The use of blocks is an optimisation. In principle we could add individual transactions to the chain one by one, but that would add a huge consensus overhead. So blocks are batches of transactions, and sometimes people argue about how big those blocks should be. In Bitcoin, the block size is limited by the number of bytes of data in the block. In Ethereum's execution chain, the block size is limited by the block gas limit (that is, the amount of work needed to run the transactions in the block). Beacon block sizes are limited by hard-coded constants.

Block trees

Our neat diagram of a nice linear chain will for the most part reflect what we see in practice, but not always. Sometimes, due perhaps to network delays, or a dishonest block proposer, or client bugs, any particular node might see something more like the following.

A diagram of a block tree.

In general, we might end up with a block tree rather than a block chain. Again, time moves from left to right and each block points to the parent block it builds on.

In real networks we can end up with something more like a block tree than a block chain. In this example very few blocks are built on their "obvious" parent.

Why did the proposer of block CC build on AA rather than BB?

  • It may be that the proposer of CC had not received block BB by the time it was ready to make its proposal.
  • It may be that the proposer of CC deliberately wanted to exclude block BB from its chain, for example to steal its transactions, or to censor some transaction in BB.
  • It may be that the proposer of CC thought that block BB was invalid for some reason.

The first two reasons, at least, are indistinguishable to the wider network. All we know is that CC built on AA, and we can never know why for certain.
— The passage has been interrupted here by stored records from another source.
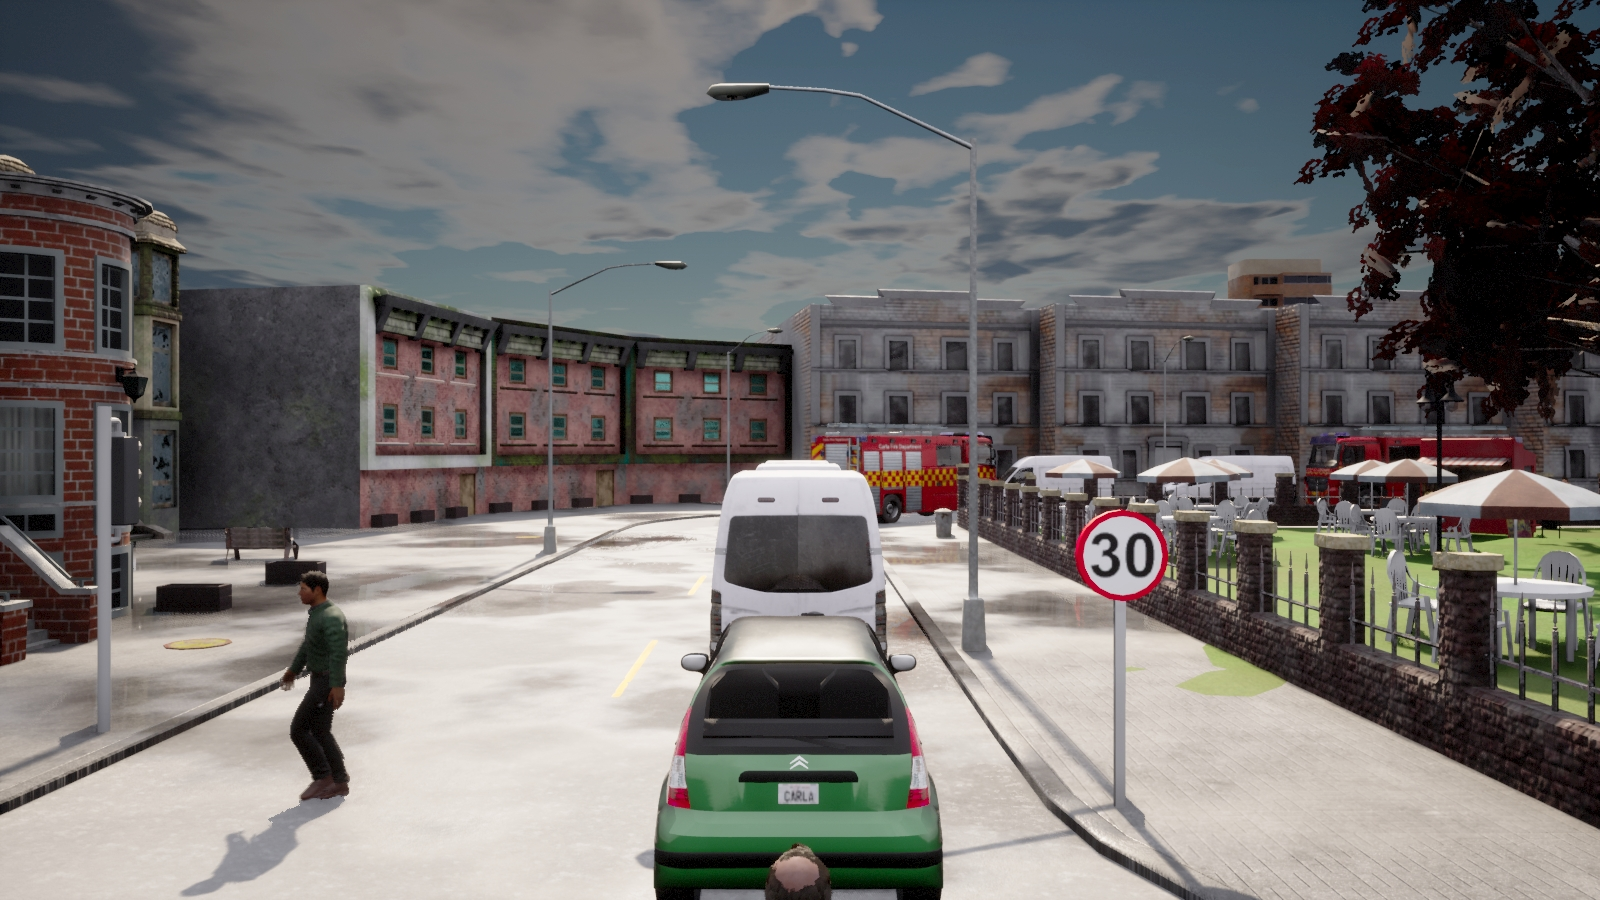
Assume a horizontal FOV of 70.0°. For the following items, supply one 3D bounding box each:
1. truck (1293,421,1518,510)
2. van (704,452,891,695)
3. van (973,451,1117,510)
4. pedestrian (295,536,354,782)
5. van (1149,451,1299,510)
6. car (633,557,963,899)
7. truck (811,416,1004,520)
[{"bbox_3d":[26.739,0.670,50.713,8.468,3.827,2.891,0,0,0],"label":"truck"},{"bbox_3d":[-0.025,1.315,15.105,1.988,2.561,5.915,0,0,0],"label":"van"},{"bbox_3d":[10.768,1.314,50.430,5.915,2.561,1.988,0,0,0],"label":"van"},{"bbox_3d":[-3.777,1.629,9.073,0.375,1.860,0.375,0,0,-33],"label":"pedestrian"},{"bbox_3d":[18.656,1.314,50.452,5.915,2.561,1.988,0,0,0],"label":"van"},{"bbox_3d":[-0.015,1.779,8.404,1.851,1.617,3.988,0,0,0],"label":"car"},{"bbox_3d":[4.502,0.672,46.247,8.468,3.827,2.891,0,0,-43],"label":"truck"}]

Similarly, why did the proposer of block DD build on BB rather than CC? Any of the above reasons apply, and we can add another:

  • The proposer of DD may have decided on some basis that there was more chance of the wider network eventually including BB than CC. Thus, building DD on BB gives it more chance of making it into the eventual block chain, than building DD on CC.

The various branches in the block tree are called "forks". Forks happen naturally as a consequence of network and processing delays. But they can also occur due to client faults, malicious client behaviour, or protocol upgrades that change the rules, making old blocks invalid with respect to the new rules. The last of these is often called a "hard fork".
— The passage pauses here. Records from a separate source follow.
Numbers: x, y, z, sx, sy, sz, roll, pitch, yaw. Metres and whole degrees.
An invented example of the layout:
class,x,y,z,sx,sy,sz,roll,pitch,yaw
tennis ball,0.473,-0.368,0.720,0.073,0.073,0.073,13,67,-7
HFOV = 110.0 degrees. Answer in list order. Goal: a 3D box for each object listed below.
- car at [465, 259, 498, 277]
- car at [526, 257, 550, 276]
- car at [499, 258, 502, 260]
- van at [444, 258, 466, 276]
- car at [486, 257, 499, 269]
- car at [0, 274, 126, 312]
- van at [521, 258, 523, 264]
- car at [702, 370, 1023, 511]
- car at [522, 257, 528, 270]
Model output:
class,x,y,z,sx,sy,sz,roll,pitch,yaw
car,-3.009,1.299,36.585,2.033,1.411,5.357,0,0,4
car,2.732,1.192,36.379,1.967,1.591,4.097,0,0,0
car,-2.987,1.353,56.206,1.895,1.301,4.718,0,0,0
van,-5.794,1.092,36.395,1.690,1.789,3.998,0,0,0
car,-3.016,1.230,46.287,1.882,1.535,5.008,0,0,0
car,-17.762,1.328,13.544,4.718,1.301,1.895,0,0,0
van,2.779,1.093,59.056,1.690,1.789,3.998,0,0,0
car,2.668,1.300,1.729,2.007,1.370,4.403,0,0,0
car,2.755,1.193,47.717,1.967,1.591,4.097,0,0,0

The existence of forking in a consensus protocol is a consequence of prioritising liveness over safety, in the terms discussed below: if you were to consult nodes that are following different forks they would give you different answers regarding the state of the system. Non-forking consensus protocols exist, such as PBFT in the classical consensus world and Tendermint in the blockchain world. These protocols always produce a single linear chain and are thus formally "safe". However, they sacrifice liveness on asynchronous networks such as the Internet: rather than forking, they just stop entirely.

Fork choice rules

As we've seen, for all sorts of reasons – network delays, network outages, messages received out of order, malicious behaviour by peers – nodes across the network end up with different views of the network's state. Eventually, we want every correct node on the network to agree on an identical linear view of history and hence a common view of the state of the system. It is the role of the protocol's fork choice rule to bring about this agreement.

Given a block tree and some decision criteria based on a node's local view of the network, the fork choice rule is designed to select, from all the available branches, the one that is most likely to eventually end up in the final linear, canonical chain. That is, it will choose the branch least likely to be later pruned out of the block tree as nodes attempt to converge on a canonical view.

A diagram of a block chain as a subset of the block tree.

The fork choice rule selects a head block from among the candidates. The head block identifies a unique linear block chain running back to the Genesis block.

The fork choice rule selects a branch implicitly by choosing a block at the tip of a branch, called the head block.

For any correct node, the first criterion for any fork choice rule is that the block it chooses must be valid according to the protocol's rules, and all its ancestors must be valid. Any invalid block is ignored, and any blocks built on an invalid block are themselves invalid.

Given that, there are many examples of different fork choice rules.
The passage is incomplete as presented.